• **TASK TO COMPLETE**
Would you copy each line of the data below that has "does"?

(RECORDS SUPPLIED)

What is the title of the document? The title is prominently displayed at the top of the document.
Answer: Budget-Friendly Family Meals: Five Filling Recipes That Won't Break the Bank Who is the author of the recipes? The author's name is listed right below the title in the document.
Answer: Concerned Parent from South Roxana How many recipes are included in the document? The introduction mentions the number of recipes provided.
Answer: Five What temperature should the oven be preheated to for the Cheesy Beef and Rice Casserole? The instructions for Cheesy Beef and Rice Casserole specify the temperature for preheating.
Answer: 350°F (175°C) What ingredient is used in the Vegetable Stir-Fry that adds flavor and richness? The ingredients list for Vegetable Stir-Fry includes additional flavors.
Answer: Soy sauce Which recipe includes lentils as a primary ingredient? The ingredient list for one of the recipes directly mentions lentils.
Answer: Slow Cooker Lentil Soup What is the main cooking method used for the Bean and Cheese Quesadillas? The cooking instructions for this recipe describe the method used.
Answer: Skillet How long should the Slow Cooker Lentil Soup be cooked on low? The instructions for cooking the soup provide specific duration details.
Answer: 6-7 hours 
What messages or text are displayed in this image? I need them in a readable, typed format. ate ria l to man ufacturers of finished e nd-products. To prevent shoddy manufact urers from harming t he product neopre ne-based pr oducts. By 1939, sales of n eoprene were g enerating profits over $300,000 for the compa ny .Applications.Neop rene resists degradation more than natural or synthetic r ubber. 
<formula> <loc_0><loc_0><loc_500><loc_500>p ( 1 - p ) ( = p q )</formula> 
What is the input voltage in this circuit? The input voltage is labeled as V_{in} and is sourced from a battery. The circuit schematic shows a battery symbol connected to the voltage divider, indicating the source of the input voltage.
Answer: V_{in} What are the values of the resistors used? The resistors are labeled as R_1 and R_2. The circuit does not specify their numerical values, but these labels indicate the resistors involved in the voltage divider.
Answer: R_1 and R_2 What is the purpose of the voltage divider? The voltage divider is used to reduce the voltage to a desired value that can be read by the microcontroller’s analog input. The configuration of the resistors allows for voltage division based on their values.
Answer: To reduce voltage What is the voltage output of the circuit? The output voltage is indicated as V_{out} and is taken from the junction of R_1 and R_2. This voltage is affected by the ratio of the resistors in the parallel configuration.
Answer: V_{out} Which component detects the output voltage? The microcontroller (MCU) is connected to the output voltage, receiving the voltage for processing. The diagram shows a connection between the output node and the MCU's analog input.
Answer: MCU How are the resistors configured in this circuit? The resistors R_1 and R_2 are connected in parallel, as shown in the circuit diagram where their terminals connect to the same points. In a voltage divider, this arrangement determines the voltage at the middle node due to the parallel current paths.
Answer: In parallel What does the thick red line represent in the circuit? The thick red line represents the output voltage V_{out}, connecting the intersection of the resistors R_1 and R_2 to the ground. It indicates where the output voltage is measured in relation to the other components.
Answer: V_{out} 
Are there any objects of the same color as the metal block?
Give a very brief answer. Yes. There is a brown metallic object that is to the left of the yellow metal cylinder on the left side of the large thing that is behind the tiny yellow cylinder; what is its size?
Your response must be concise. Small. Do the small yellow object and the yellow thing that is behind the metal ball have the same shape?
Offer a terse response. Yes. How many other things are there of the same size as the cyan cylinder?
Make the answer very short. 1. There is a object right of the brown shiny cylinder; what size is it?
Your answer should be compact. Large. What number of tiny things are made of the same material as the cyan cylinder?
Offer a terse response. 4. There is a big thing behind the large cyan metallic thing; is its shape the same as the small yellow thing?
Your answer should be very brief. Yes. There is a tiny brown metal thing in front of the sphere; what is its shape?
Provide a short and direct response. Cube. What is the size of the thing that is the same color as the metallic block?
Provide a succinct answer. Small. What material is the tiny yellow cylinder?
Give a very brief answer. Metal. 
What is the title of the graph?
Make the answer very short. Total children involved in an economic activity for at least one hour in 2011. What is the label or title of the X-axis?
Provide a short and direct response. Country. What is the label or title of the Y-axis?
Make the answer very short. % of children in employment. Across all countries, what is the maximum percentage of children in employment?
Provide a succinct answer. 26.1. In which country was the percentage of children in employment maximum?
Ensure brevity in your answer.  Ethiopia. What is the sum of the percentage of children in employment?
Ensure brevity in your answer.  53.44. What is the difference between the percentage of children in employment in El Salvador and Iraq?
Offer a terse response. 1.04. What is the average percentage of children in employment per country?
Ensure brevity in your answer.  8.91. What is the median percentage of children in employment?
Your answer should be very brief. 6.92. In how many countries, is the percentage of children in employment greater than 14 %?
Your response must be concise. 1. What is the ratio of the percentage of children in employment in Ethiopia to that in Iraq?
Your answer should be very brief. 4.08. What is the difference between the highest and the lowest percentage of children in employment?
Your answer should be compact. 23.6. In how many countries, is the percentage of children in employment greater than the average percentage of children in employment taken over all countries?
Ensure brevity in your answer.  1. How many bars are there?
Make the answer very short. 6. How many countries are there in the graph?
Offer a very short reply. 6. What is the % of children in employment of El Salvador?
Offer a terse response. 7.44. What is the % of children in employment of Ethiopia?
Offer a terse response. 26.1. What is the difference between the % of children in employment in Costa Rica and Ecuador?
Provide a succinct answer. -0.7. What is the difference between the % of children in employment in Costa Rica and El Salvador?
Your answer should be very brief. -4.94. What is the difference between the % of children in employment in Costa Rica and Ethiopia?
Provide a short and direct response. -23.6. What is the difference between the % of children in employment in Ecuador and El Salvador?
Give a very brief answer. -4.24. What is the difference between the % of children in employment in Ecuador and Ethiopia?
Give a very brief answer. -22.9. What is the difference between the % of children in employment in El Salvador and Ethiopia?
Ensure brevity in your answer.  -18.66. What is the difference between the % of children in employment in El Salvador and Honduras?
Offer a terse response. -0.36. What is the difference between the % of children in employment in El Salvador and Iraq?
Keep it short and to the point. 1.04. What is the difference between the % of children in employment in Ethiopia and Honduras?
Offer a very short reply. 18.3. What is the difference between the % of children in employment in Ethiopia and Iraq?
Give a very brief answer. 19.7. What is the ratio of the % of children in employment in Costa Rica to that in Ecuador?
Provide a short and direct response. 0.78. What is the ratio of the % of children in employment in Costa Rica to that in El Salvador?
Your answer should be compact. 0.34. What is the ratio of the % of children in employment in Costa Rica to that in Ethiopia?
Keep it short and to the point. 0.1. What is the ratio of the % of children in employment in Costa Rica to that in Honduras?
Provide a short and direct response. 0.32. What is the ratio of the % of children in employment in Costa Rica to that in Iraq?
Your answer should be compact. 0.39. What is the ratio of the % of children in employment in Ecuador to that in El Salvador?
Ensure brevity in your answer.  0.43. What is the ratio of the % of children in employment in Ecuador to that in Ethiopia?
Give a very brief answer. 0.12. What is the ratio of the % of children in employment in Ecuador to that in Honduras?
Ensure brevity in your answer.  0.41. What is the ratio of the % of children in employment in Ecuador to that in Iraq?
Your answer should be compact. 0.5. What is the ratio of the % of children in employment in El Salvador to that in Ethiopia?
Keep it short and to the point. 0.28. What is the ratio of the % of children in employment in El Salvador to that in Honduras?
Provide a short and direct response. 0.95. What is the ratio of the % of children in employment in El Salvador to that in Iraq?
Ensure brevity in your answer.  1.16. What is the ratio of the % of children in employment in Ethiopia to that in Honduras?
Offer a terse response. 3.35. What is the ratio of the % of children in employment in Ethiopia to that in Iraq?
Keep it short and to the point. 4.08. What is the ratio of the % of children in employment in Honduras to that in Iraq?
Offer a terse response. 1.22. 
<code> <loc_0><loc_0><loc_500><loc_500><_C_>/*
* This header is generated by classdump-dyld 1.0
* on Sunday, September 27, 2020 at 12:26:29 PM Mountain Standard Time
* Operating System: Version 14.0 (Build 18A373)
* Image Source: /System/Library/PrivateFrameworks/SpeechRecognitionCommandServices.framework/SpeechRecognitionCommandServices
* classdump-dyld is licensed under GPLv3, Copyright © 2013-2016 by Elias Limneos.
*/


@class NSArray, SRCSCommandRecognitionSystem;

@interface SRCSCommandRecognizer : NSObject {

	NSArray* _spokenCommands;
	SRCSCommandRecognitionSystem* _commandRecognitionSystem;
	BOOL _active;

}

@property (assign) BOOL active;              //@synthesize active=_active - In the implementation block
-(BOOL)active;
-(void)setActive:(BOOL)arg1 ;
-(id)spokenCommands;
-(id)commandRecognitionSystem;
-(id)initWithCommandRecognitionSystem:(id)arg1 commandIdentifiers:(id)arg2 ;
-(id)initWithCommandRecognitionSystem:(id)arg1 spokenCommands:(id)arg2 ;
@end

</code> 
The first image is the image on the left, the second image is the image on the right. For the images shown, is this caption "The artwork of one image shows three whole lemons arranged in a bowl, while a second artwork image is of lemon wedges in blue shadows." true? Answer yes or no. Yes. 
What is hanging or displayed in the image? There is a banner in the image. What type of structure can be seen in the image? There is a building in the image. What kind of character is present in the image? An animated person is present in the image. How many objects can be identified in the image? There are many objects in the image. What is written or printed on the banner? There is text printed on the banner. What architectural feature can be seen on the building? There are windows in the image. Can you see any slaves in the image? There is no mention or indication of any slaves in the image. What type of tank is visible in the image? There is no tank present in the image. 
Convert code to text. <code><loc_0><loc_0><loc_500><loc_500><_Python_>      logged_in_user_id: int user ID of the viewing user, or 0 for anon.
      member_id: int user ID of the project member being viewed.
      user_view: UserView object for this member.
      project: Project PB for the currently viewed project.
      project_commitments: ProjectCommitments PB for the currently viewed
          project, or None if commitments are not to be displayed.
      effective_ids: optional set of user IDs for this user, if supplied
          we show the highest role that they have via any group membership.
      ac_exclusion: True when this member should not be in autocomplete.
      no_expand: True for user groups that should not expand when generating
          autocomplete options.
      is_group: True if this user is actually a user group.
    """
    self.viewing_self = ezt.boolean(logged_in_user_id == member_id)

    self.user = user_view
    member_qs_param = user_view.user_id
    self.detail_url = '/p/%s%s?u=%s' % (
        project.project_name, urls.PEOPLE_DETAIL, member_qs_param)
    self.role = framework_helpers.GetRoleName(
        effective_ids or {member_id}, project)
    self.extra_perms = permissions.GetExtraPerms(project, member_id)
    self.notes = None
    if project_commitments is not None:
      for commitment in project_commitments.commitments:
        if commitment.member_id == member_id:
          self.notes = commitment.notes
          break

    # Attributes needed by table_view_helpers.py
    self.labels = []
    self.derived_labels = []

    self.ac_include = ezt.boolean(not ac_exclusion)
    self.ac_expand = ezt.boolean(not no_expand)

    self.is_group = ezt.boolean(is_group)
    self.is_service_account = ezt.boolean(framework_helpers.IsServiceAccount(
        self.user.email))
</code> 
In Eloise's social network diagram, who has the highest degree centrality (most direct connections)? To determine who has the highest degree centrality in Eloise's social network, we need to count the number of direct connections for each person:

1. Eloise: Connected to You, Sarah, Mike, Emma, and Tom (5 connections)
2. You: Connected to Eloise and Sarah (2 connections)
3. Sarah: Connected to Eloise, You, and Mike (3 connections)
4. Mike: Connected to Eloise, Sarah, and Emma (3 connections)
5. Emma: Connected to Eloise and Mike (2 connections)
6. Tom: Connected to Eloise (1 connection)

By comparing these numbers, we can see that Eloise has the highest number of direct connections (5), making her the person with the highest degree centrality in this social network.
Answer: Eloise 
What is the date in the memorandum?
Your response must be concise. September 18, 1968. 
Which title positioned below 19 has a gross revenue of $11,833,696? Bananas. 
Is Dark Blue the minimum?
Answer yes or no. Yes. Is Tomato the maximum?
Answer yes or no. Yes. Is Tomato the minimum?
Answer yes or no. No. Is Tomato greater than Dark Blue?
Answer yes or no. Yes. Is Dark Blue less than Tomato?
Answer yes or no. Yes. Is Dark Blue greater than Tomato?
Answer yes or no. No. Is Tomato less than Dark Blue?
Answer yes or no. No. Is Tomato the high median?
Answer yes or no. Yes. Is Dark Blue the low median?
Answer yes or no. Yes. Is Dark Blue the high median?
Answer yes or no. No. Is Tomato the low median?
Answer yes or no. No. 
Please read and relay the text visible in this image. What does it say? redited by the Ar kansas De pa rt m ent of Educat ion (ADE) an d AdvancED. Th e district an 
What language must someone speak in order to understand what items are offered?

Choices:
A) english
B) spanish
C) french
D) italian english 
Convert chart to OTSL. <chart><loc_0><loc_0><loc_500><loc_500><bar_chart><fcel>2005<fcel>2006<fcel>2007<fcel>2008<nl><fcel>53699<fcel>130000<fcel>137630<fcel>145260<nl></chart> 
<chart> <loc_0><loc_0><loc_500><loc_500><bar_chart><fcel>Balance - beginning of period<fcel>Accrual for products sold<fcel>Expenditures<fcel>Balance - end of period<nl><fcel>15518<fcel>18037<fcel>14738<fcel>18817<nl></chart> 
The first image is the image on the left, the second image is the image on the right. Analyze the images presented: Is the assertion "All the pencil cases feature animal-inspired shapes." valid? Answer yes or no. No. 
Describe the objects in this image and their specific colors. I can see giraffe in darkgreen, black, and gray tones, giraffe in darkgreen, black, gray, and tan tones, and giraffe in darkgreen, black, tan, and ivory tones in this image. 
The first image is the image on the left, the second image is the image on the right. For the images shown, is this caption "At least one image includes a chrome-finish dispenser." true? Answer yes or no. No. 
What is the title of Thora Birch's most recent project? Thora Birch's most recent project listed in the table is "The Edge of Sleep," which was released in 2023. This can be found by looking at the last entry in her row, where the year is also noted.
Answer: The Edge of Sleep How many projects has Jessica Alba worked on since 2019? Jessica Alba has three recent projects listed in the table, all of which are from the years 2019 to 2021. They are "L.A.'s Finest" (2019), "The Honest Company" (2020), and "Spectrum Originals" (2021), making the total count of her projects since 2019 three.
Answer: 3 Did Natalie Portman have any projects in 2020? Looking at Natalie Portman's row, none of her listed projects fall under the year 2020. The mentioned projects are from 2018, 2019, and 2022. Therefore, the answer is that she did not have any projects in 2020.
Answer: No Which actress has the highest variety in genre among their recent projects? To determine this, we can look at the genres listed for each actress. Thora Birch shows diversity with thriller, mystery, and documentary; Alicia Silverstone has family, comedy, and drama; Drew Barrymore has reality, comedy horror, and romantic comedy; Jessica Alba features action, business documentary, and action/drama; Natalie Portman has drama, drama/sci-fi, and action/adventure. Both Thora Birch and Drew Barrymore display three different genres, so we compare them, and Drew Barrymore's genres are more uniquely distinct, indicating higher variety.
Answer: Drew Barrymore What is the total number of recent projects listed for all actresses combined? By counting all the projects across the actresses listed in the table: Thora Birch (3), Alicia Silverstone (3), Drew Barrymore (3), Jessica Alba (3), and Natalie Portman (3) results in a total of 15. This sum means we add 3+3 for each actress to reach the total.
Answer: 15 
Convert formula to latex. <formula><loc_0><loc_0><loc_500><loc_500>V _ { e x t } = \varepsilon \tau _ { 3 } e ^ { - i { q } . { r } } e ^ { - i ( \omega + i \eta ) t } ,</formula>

(End RECORDS SUPPLIED)

• **WRITTEN ANSWER**
Answer: V_{in} What are the values of the resistors used? The resistors are labeled as R_1 and R_2. The circuit does not specify their numerical values, but these labels indicate the resistors involved in the voltage divider.
Answer: In parallel What does the thick red line represent in the circuit? The thick red line represents the output voltage V_{out}, connecting the intersection of the resistors R_1 and R_2 to the ground. It indicates where the output voltage is measured in relation to the other components.
Please read and relay the text visible in this image. What does it say? redited by the Ar kansas De pa rt m ent of Educat ion (ADE) an d AdvancED. Th e district an 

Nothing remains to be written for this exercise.